▸ Prompt: Would you transcribe only the lines below, from the one containing "Instruction: Select the" through the end of the material, exactly and with no pictures?
......
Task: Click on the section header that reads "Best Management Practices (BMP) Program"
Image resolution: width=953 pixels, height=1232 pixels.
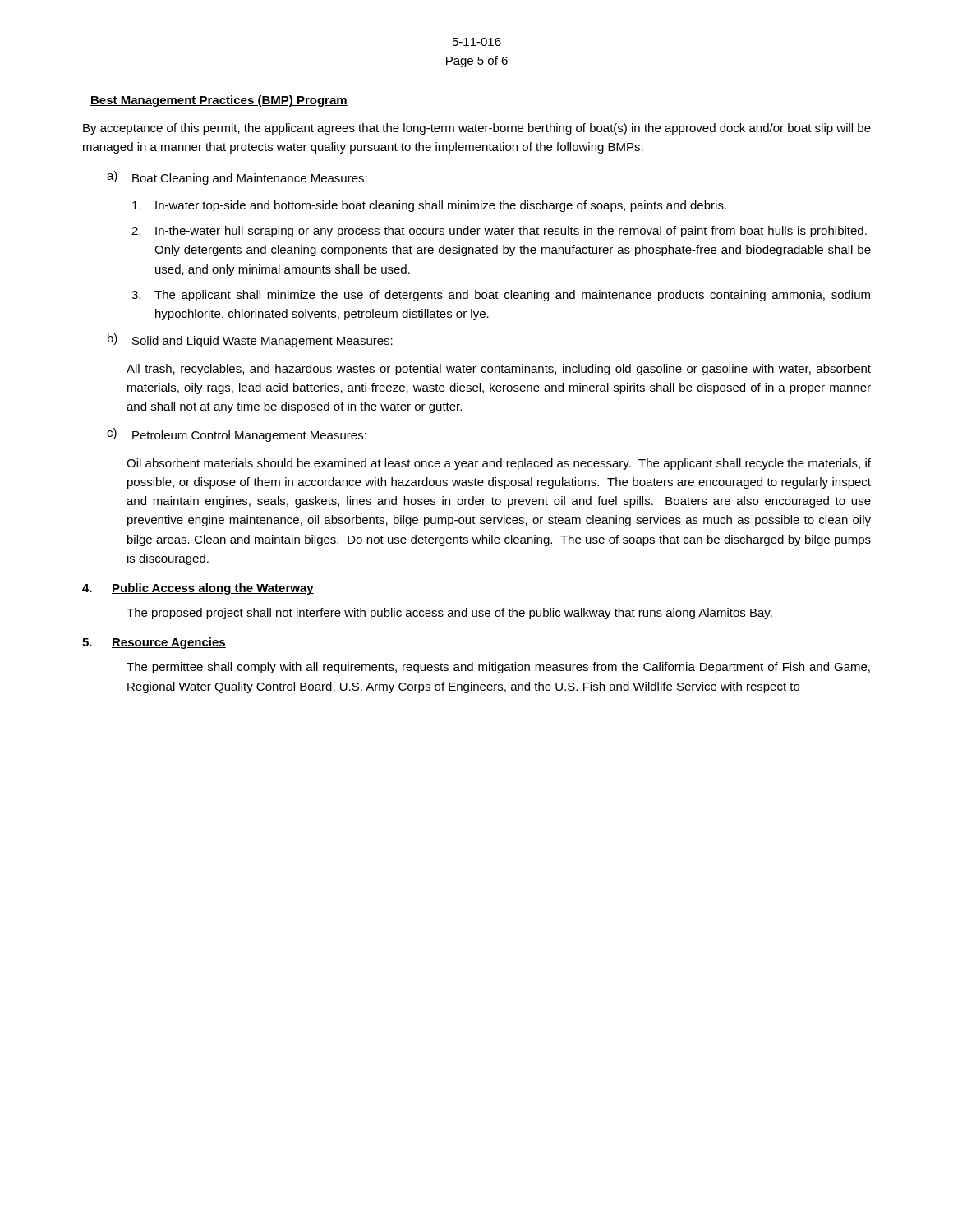Action: pos(219,100)
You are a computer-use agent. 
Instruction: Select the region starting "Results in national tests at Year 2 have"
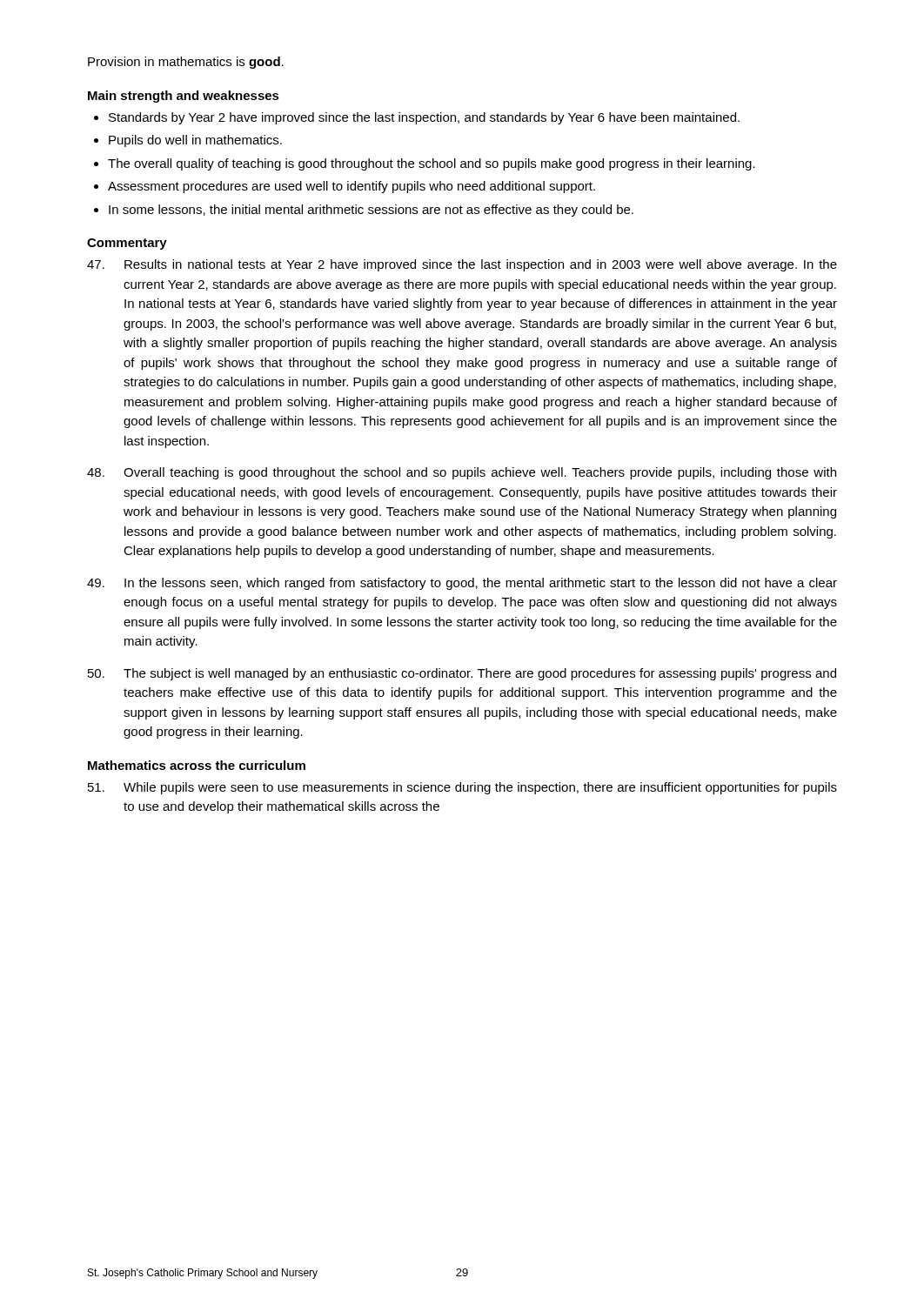(462, 353)
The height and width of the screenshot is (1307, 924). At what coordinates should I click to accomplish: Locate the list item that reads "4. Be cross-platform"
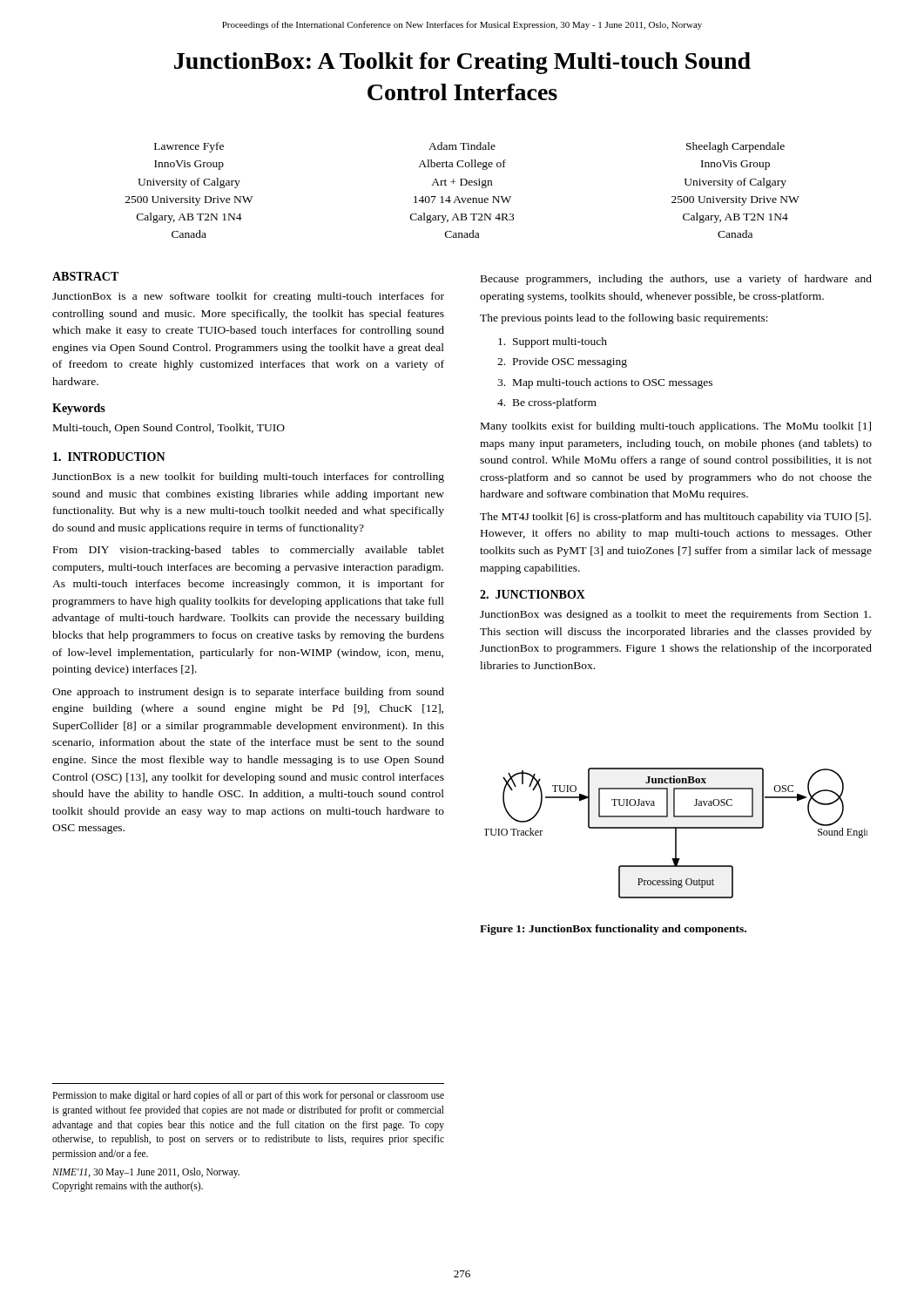pos(547,403)
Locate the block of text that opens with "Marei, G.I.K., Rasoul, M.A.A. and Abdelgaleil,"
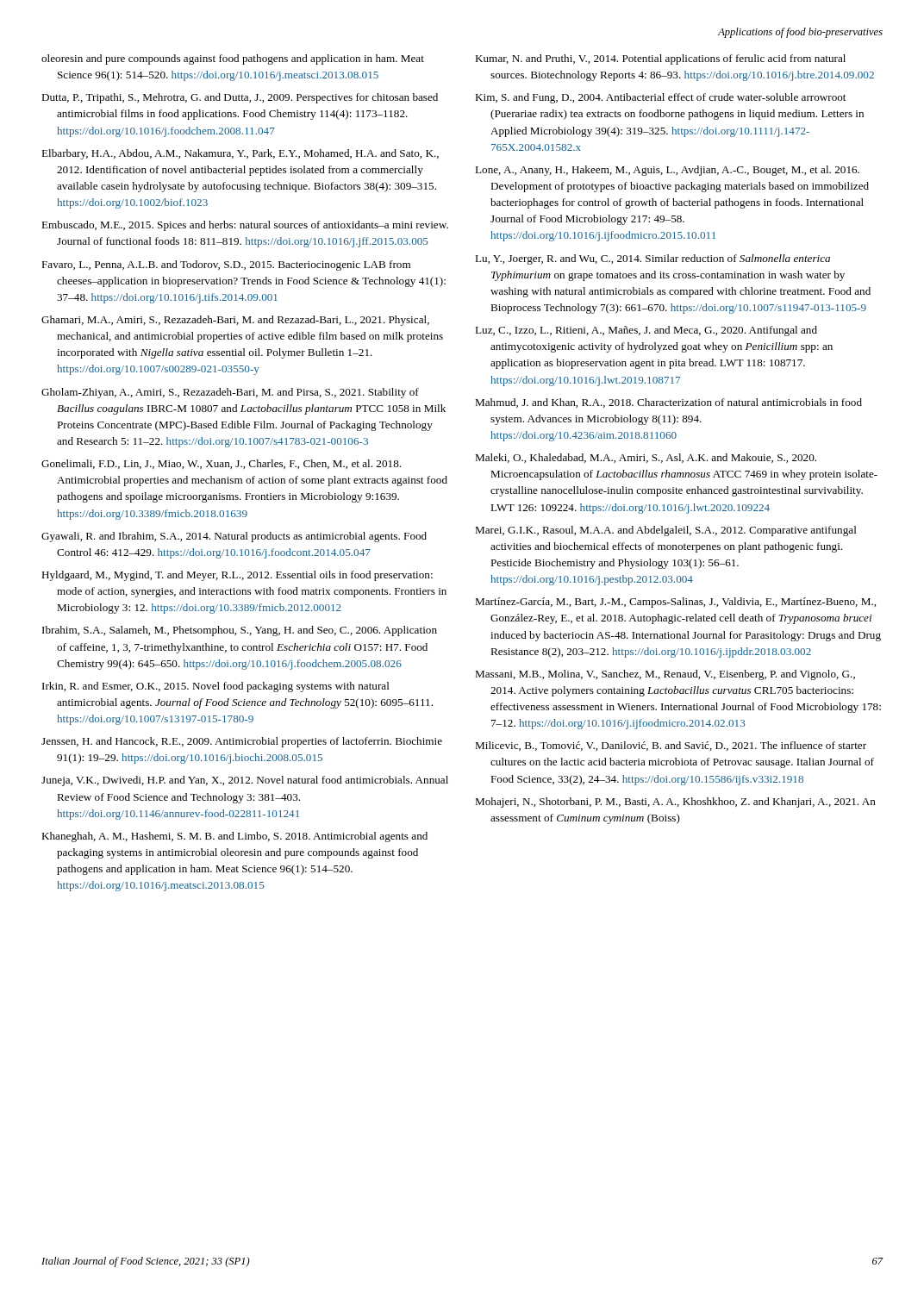The width and height of the screenshot is (924, 1293). (x=666, y=554)
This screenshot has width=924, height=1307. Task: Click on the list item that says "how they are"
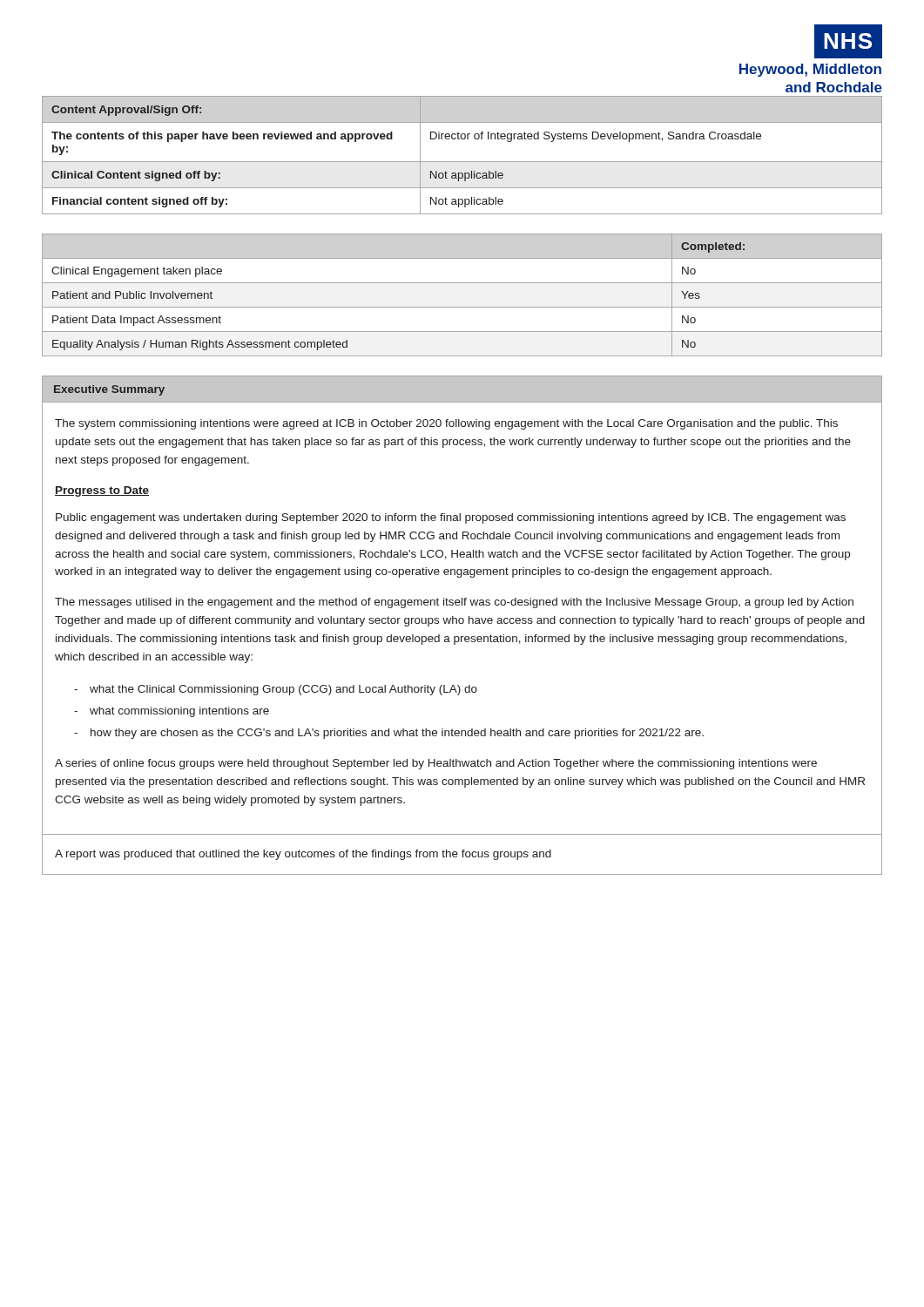click(397, 732)
......
▸ Output of the task:
Instruction: Select the region starting "Results in national tests at Year 2 have"
(462, 353)
The height and width of the screenshot is (1307, 924). At what coordinates should I click to accomplish: Locate the list item that reads "4. Be cross-platform"
pos(547,403)
Locate the block of text that opens with "Marei, G.I.K., Rasoul, M.A.A. and Abdelgaleil,"
The width and height of the screenshot is (924, 1293). (x=666, y=554)
This screenshot has width=924, height=1307. Task: Click on the list item that says "how they are"
click(397, 732)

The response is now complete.